SpringMeeting2011Abstracts

Total Parser Combinators Using Mixed Induction and Coinduction

Nils Anders Danielsson

Abstract:

Parser combinators provide an elegant method for implementing parsers. However, most parser combinator libraries fail to guarantee that parsing will terminate. I will talk about a library which provides such a guarantee. The library's interface is similar to that of many other parser combinator libraries, with three main differences: one is that the interface clearly specifies which parts of the constructed parsers may be infinite, and which parts have to be finite, using dependent types and a combination of induction and coinduction; another is that the interface allows many forms of left recursion; and the last is that the parser type is unusually informative.

The GF Grammar Development Tools

Thomas Hallgren

Abstract:

Translation systems in MOLTO are based on multilingual grammars written in GF (Grammatical Framework). The traditional environment available to GF grammar developers consist of the GF command shell, a generic text editor and the GF documentation. This is a simple and effective environment for the experienced grammar developer. To better support less experienced grammar developers, one of the goals of the MOLTO project is to create an IDE (Integrated Development Environment) for GF grammar development, and an appropriate GF compiler API to support the IDE. In this talk we will first give a summary of the main functionalities of the traditional GF tools: grammar compilation, error detection, testing, and visualization. Then we will show a prototype of a web-based grammar development environment and briefly discuss the wide range of options available when building a GF IDE, and how this might affect what you require from the GF compiler API. The web-based environment will enable the creation of web-based translation systems without installation of any software. It gives the quickest conceivable access to GF to novice and occasional users. But the API is general enough even to serve power users, who run the tools on their own favourite desktop environment but want to profit from IDE facilities such as project management and library browsing.

GF into the Wild

Krasimir Angelov

Abstract:

So far GF was used only for parsing small controlled languages but the improvements in the parsing performance in the last few years made it possible to dream about parsing open domain unrestricted text. In the resource libraries, we already have wide coverage grammars for many languages but having a grammar is only part of the problem. Even if we improve more and more our grammars it will be always possible to find syntactic constructions which are not covered by the grammar. Another problem is that when we add more syntactic constructions in the grammar, this usually makes it more ambiguous. We need a parser that is robust and is able to do statistical ranking when there are ambiguities in the grammar. I did some preliminary expreriments in robust parsing but the general conclusion is that we need a good treebank which we can use for statistical training. Since we don't want to build our own treebanks an attractive alternative is to try to convert some existing one. In this talk I will present the current state of the GF port of Penn Treebank. All parse trees in the treebank were converted to abstract syntax trees for the English Resource Grammar. When there are unknown syntactic constructions then we just leave placeholders in the abstract tree. Currently we have matched 69% of the constructions with the grammar. More is possible but takes time.

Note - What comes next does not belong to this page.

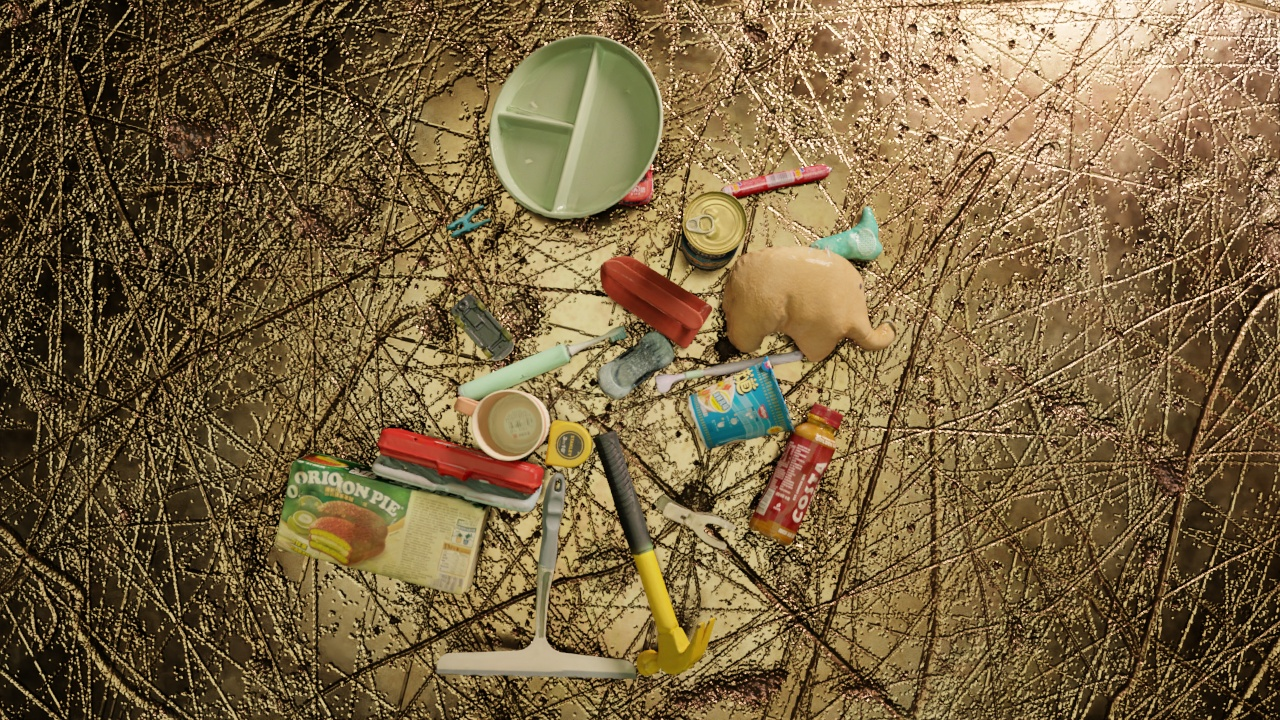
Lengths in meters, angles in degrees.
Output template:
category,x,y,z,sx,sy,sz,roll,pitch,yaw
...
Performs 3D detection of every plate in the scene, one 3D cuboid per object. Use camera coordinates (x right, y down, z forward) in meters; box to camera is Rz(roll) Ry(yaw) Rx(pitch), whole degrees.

Competitive Group Testing with Minimum Adaptivity

Azam Sheikh Muhammad

Abstract:

Suppose that given is a collection of $n$ elements where $d$ of them are \emph{defective}. We can query an arbitrarily chosen subset of elements which returns Yes if the subset contains at least one defective and No if the subset is free of defectives. The problem of group testing is to identify the defectives with a minimum number of such queries. By the information-theoretic lower bound at least $\log_2 \binom {n}{d} \approx d\log_2 (\frac{n}{d}) \approx d\log_2 n$ queries are needed. Using adaptive group testing, i.e., asking one query at a time, the lower bound can be easily achieved. However, strategies are preferred that work in a fixed small number of stages, where queries in a stage are asked in parallel. A group testing strategy is called \emph{competitive} if it works for completely unknown $d$ and requires only $O(d\log_2 n)$ queries. Usually competitive group testing is based on sequential queries. We have shown that actually competitive group testing with expected $O(d\log_2 n)$ queries is possible in only $2$ or $3$ stages. Then we have focused on minimizing the hidden constant factor in the query number and proposed a systematic approach for this purpose.